だがムゥチが人間ではなく頑丈なコボルトであった事が幸いしてか、この段階で意識を取り戻す事ができた。
しかし麻酔薬の効果を知り尽くしているキン・トゥは目を白黒させ、連れてきたレスリーに怒鳴る。
「ムゥチを連れてきたのか! 無茶じゃぞ!」
意識が戻る事と、身体が動く事はイコールではない。意識が戻っても、いつも通りに動けるようになるには、丸一晩かかる事もあるくらいだが、レスリーもムゥチの望むままに行動させているのには理由がある。
「根負けです」
レスリーの弁明はそれだ。意識が戻ったムゥチは、これでもかと捲し立てたが、それでもレスリーが一人で看ていたのならば撥ねつけてる。

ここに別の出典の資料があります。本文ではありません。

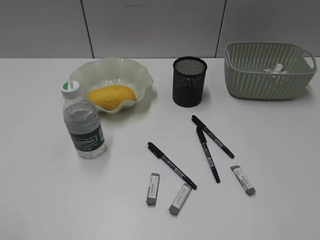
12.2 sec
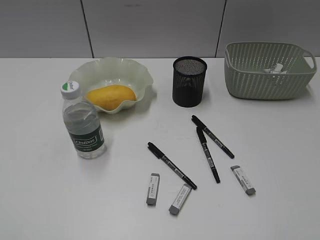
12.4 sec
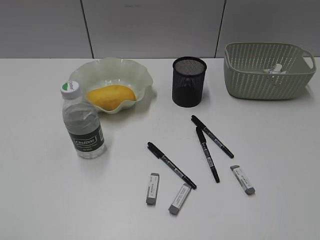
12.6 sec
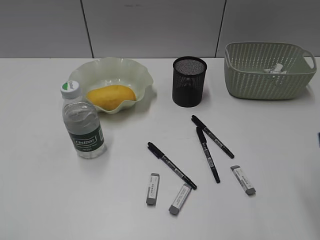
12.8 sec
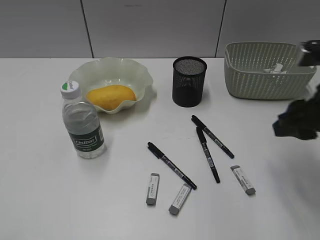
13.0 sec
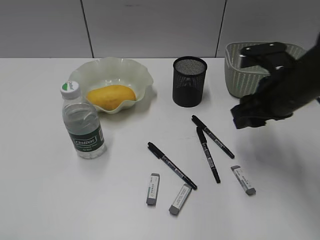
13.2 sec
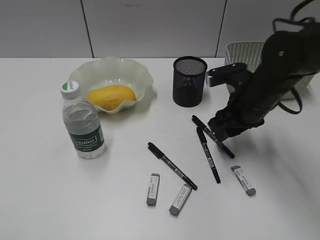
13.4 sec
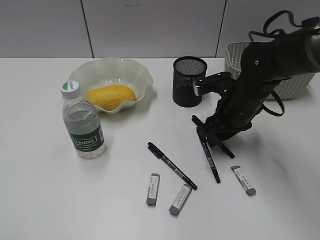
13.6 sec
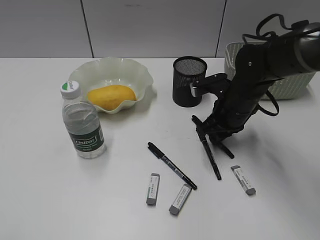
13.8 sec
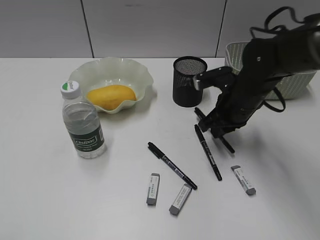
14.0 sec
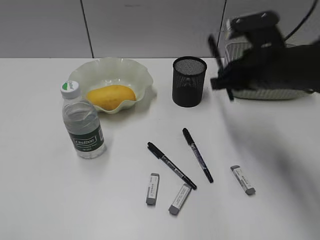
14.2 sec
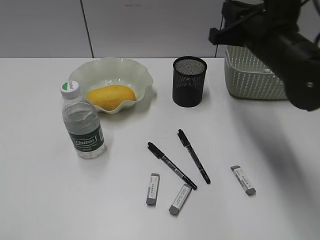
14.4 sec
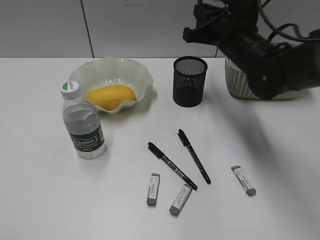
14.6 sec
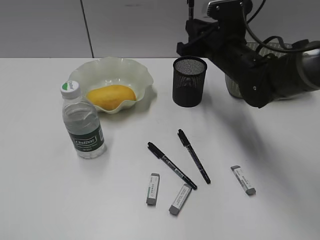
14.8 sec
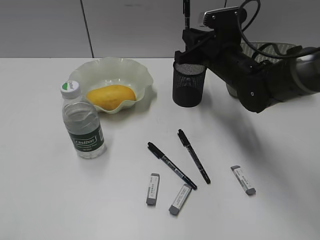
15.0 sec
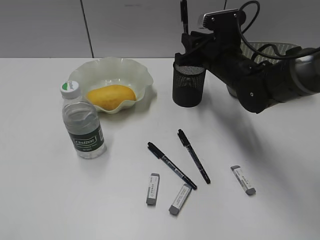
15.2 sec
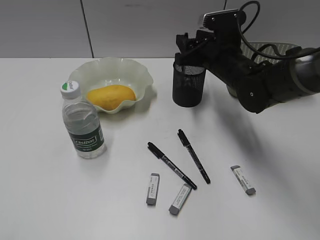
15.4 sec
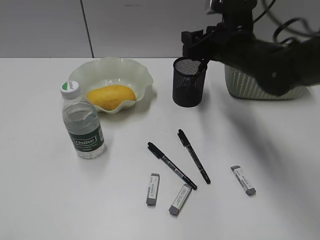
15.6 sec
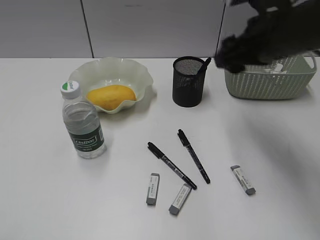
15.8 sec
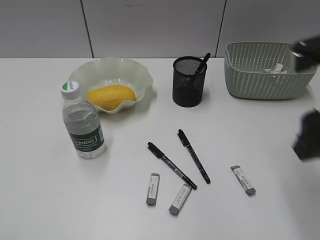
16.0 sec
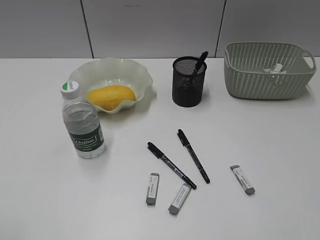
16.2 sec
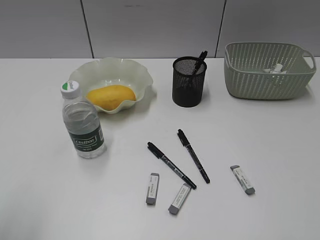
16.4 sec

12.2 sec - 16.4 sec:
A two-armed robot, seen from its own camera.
Step, 12.2 sec - 13.8 sec: Grasp the black pen with right gripper.
Step, 14.0 sec - 15.4 sec: Place the black pen in pen holder with right gripper.
12.2 sec - 13.6 sec: The right gripper travels forward, downward and to the left by approximately 40 cm.
13.6 sec - 15.0 sec: The right gripper shifts approximately 5 cm forward, and closes its fingers.
15.0 sec - 16.4 sec: The right gripper heads backward and to the right, covering roughly 40 cm, and opens its fingers, while the left gripper travels forward by some 5 cm.

「子供を味方に付けられて、キン・トゥ卿とて撥ねつけられまい?」
レスリーが指差す頭上に、キラキラと月の光を浴び、その名の通り輝いて飛翔するライジングムーンがあった。
最も大きな理由は、ザキがムゥチの見方をしてレスリーを根負けさせた事である。
故に今、コバックが娘の精剣を抜いた。狙いは、追撃しようとしたグリューを牽制。
「仲間を呼んだの!?」
忌ま忌ましさに顔を歪めたグリューは、飛来するライジングムーンを飛び退いて躱した。
弧を描いて戻るライジングムーンを受け止めるコバックに、もう一投はない。コバックにとって、この精剣は武器ではなく娘。元来、家族意識の強いオークの女が娘を使役するのは、家族同然の者を救う時だけだ。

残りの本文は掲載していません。